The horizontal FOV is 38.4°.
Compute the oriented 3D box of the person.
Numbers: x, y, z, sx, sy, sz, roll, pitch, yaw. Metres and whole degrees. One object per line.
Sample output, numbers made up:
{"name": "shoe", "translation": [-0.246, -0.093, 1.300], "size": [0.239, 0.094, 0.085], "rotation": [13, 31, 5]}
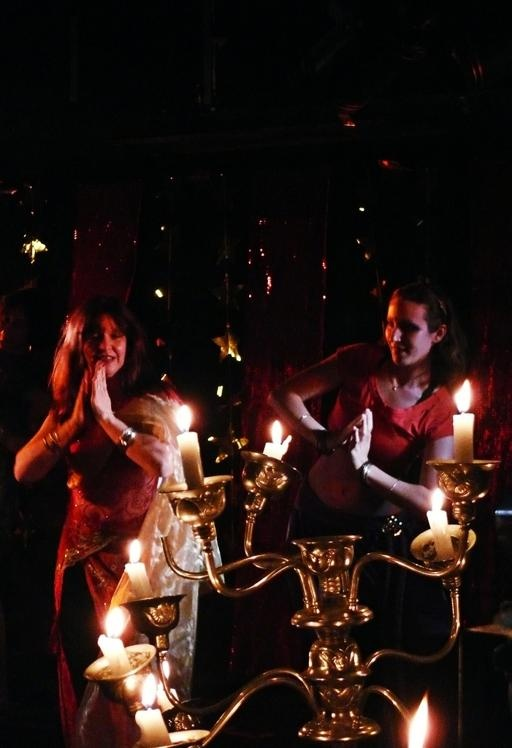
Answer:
{"name": "person", "translation": [0.039, 0.283, 1.446], "size": [0.952, 0.974, 0.359], "rotation": [-2, -11, 5]}
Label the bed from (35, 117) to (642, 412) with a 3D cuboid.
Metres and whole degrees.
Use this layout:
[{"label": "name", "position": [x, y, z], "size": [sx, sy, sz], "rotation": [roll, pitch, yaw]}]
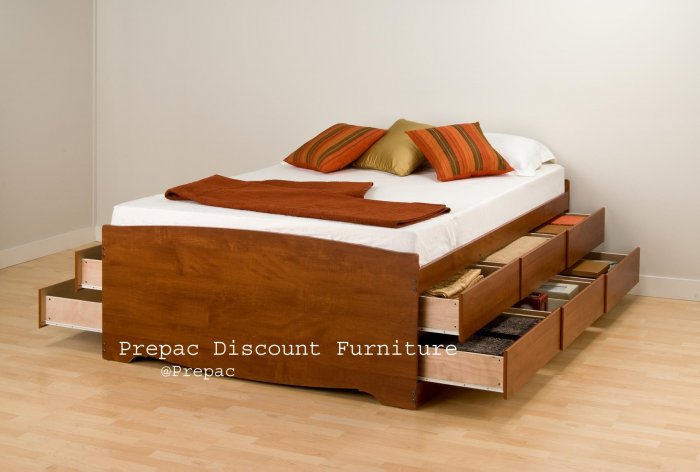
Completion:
[{"label": "bed", "position": [0.323, 0.173, 3.270], "size": [2.242, 0.557, 1.892], "rotation": [4, 8, 27]}]
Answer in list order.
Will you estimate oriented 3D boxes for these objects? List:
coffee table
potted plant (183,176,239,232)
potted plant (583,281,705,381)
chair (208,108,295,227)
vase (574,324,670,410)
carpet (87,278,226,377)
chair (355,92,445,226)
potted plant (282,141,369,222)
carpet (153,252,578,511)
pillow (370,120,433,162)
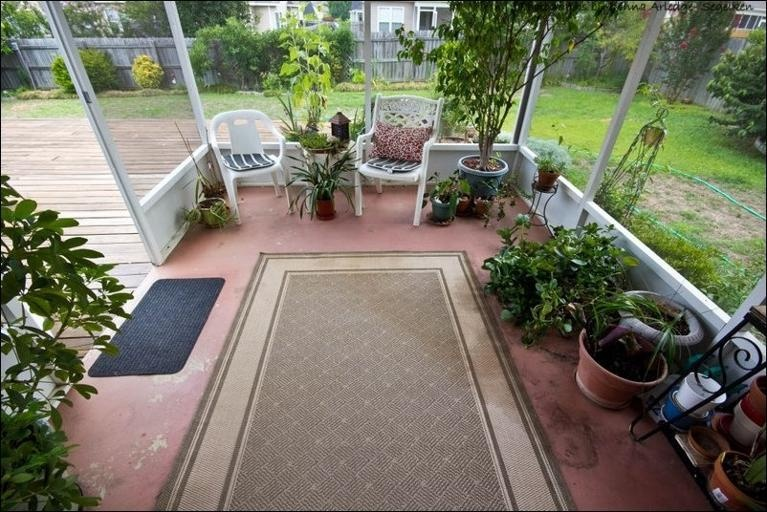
[{"bbox_3d":[-0.572,-0.858,4.511,0.810,0.779,0.632,-6,31,-11],"label":"coffee table"},{"bbox_3d":[-1.724,-0.543,4.342,0.446,0.550,0.572,5,28,-2],"label":"potted plant"},{"bbox_3d":[1.868,0.461,2.818,0.452,0.169,0.456,7,34,4],"label":"potted plant"},{"bbox_3d":[-1.368,-0.940,4.349,0.819,0.939,0.788,6,33,8],"label":"chair"},{"bbox_3d":[1.599,0.805,2.893,0.516,0.348,0.521,40,46,21],"label":"vase"},{"bbox_3d":[-1.729,0.500,3.140,0.566,0.011,0.876,0,39,1],"label":"carpet"},{"bbox_3d":[0.167,-1.036,4.345,0.848,1.069,0.796,4,35,8],"label":"chair"},{"bbox_3d":[-0.650,-0.858,4.432,0.898,0.719,0.817,6,33,3],"label":"potted plant"},{"bbox_3d":[-0.087,0.913,2.902,2.124,0.016,2.249,0,45,0],"label":"carpet"},{"bbox_3d":[0.160,-1.148,4.429,0.773,0.474,0.223,-8,39,-34],"label":"pillow"}]
------------------------------------------------------------
Work to be completed>
None of the pictures should appear; the rest of the entries must be reproduced exactly.

Exercise solution>
The horizontal FOV is 38.4°.
Compute the oriented 3D box of the person.
Numbers: x, y, z, sx, sy, sz, roll, pitch, yaw. Metres and whole degrees. One object per line.
Sample output, numbers made up:
{"name": "shoe", "translation": [-0.246, -0.093, 1.300], "size": [0.239, 0.094, 0.085], "rotation": [13, 31, 5]}
Answer:
{"name": "person", "translation": [0.039, 0.283, 1.446], "size": [0.952, 0.974, 0.359], "rotation": [-2, -11, 5]}
Label the bed from (35, 117) to (642, 412) with a 3D cuboid.
Metres and whole degrees.
Use this layout:
[{"label": "name", "position": [x, y, z], "size": [sx, sy, sz], "rotation": [roll, pitch, yaw]}]
Completion:
[{"label": "bed", "position": [0.323, 0.173, 3.270], "size": [2.242, 0.557, 1.892], "rotation": [4, 8, 27]}]
Answer in list order.
Will you estimate oriented 3D boxes for these objects? List:
coffee table
potted plant (183,176,239,232)
potted plant (583,281,705,381)
chair (208,108,295,227)
vase (574,324,670,410)
carpet (87,278,226,377)
chair (355,92,445,226)
potted plant (282,141,369,222)
carpet (153,252,578,511)
pillow (370,120,433,162)
[{"bbox_3d":[-0.572,-0.858,4.511,0.810,0.779,0.632,-6,31,-11],"label":"coffee table"},{"bbox_3d":[-1.724,-0.543,4.342,0.446,0.550,0.572,5,28,-2],"label":"potted plant"},{"bbox_3d":[1.868,0.461,2.818,0.452,0.169,0.456,7,34,4],"label":"potted plant"},{"bbox_3d":[-1.368,-0.940,4.349,0.819,0.939,0.788,6,33,8],"label":"chair"},{"bbox_3d":[1.599,0.805,2.893,0.516,0.348,0.521,40,46,21],"label":"vase"},{"bbox_3d":[-1.729,0.500,3.140,0.566,0.011,0.876,0,39,1],"label":"carpet"},{"bbox_3d":[0.167,-1.036,4.345,0.848,1.069,0.796,4,35,8],"label":"chair"},{"bbox_3d":[-0.650,-0.858,4.432,0.898,0.719,0.817,6,33,3],"label":"potted plant"},{"bbox_3d":[-0.087,0.913,2.902,2.124,0.016,2.249,0,45,0],"label":"carpet"},{"bbox_3d":[0.160,-1.148,4.429,0.773,0.474,0.223,-8,39,-34],"label":"pillow"}]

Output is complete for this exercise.